Sementara ibu mertua ku dengan malas duduk dihadapan kami.
" Nay, tabungan Mahadewa tidak cukup untuk membayar nyonya Iskandar. Kamu tambahin dulu,nanti kalau Sangmin sudah membayar pembelian cottage, Mama balikin uang kamu." Paul yang sedang menyantap sarapannya mendongak.
" Mom,ini sudah cukup untuk nyonya Iskandar." Jawab Paul.
" Ga cukup Ul, total yang disetorkan nyonya Iskandar itu seratus dua puluh milyar. Dan yang Tante setorkan ke broker itu hanya tujuh puluh lima milyar. Sisa nya Tante pakai." Ujar Fensya yang ikut bergabung untuk sarapan.
" Mama pakai untuk apa uangnya..?" Tanya Paul dengan wajah terkejut.
Bukan ibu mertuaku yang menjawab, tapi Fensya kembali menjawab.
" Tante ikut arisan berlian." Ucapnya.
" Ya sudah jual saja berlian nya..." Ucapku spontan.
Ibu mertuaku melotot saat mendengar ucapan ku
" Enak saja..." Jawab ibu mertuaku.
" Iya Tante aneh deh, aku saja bela belain aku lelang koleksi tas dan sepatuku. Tante ga mau koleksinya dilelang. Itu bisa nutupin padahal." Ujar Fensya.

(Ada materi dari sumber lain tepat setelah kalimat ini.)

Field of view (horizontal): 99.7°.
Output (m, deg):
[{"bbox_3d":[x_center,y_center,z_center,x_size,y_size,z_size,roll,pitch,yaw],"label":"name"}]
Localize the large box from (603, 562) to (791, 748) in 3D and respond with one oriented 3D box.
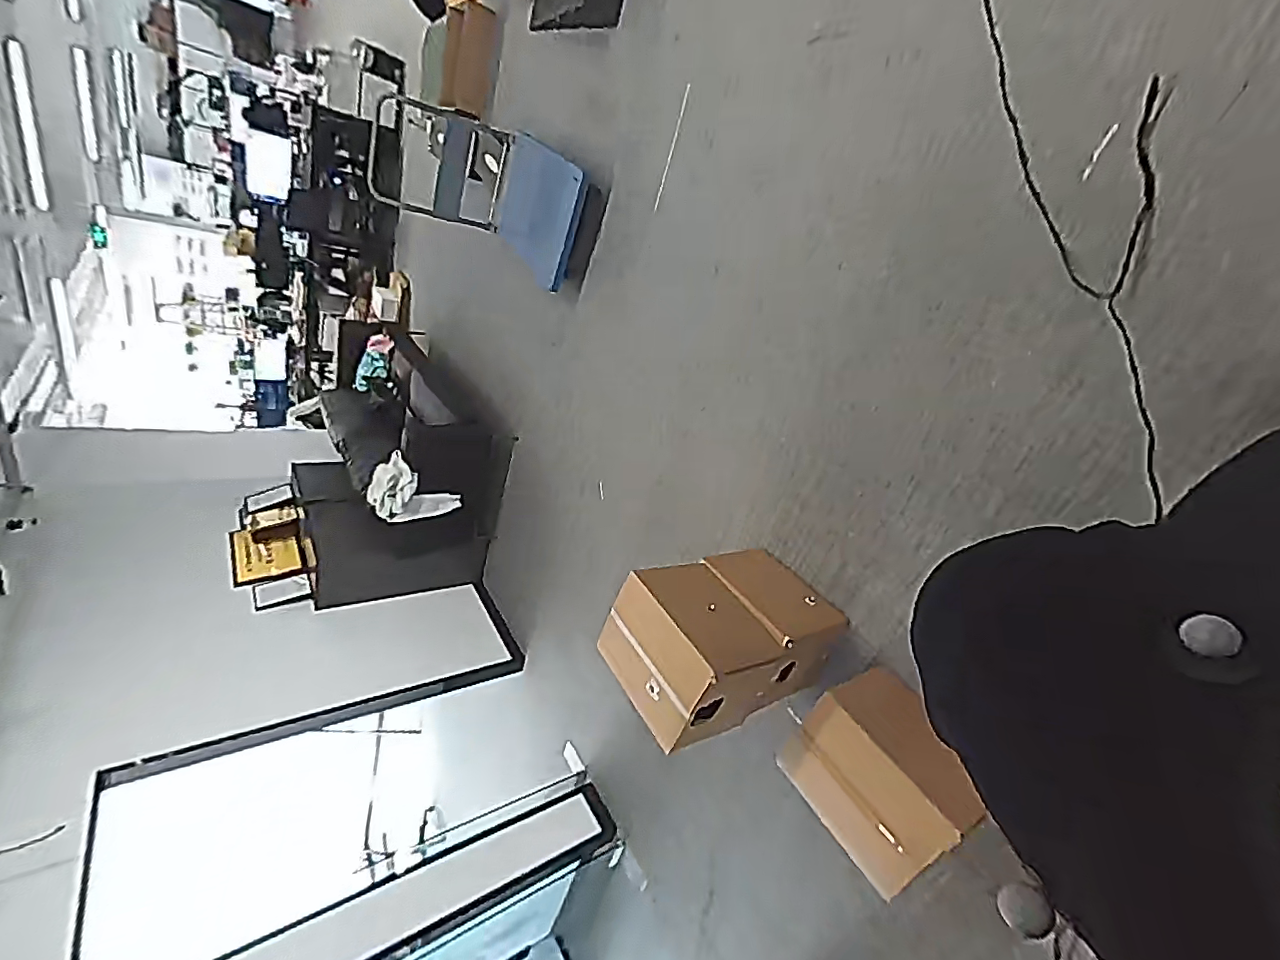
[{"bbox_3d":[0.156,0.490,1.606,0.408,0.320,0.320,45,122,41],"label":"large box"}]
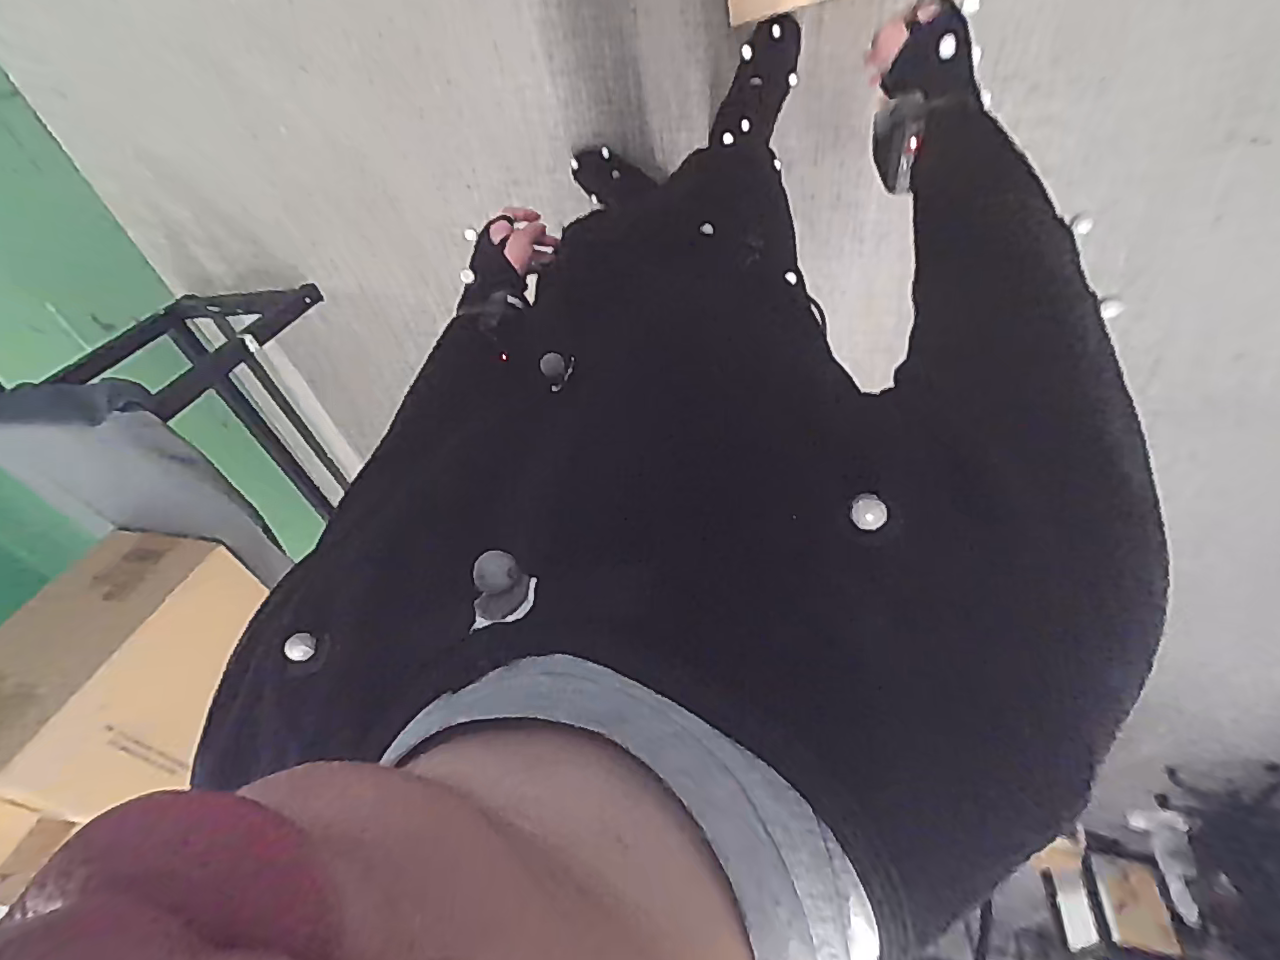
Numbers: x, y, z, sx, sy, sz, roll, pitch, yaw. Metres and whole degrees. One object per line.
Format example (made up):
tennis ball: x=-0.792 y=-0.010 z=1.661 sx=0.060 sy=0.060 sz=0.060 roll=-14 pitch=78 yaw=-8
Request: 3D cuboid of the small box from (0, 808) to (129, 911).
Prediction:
small box: x=-1.431 y=0.931 z=1.333 sx=0.179 sy=0.176 sz=0.168 roll=2 pitch=133 yaw=12

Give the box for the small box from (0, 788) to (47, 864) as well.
small box: x=-1.462 y=0.749 z=1.154 sx=0.168 sy=0.176 sz=0.179 roll=2 pitch=136 yaw=10
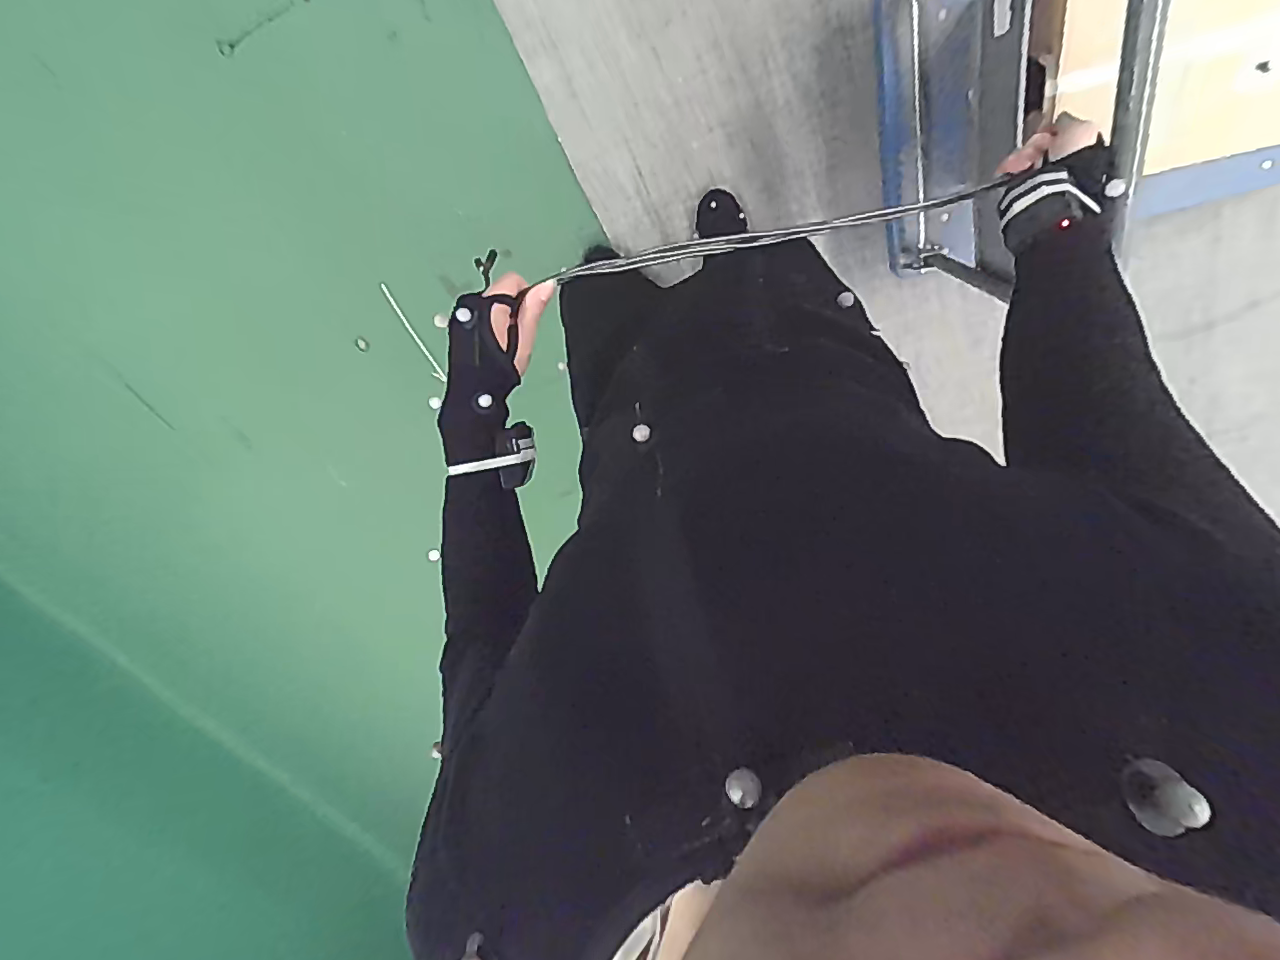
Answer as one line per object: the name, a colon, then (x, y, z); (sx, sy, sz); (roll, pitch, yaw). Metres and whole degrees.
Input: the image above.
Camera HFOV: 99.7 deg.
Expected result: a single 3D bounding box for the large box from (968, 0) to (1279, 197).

Paul meletakan sumpit nya.
" Mam, sebaiknya jual koleksi perhiasan mommy dan barang branded lainya. Lagipula untuk apa sih hanya tunggu lemari dan kamar saja. Kan lebih cepat itu dijual." Ujar Paul.
Aku melirik jam dinding.
" Aku berangkat kerja dulu." Pamitku lalu berniat menyalami Paul.
Paul menatapku.
" Aku siang ini ke Fukuoka. Sepertinya besok aku baru pulang." Ucap nya.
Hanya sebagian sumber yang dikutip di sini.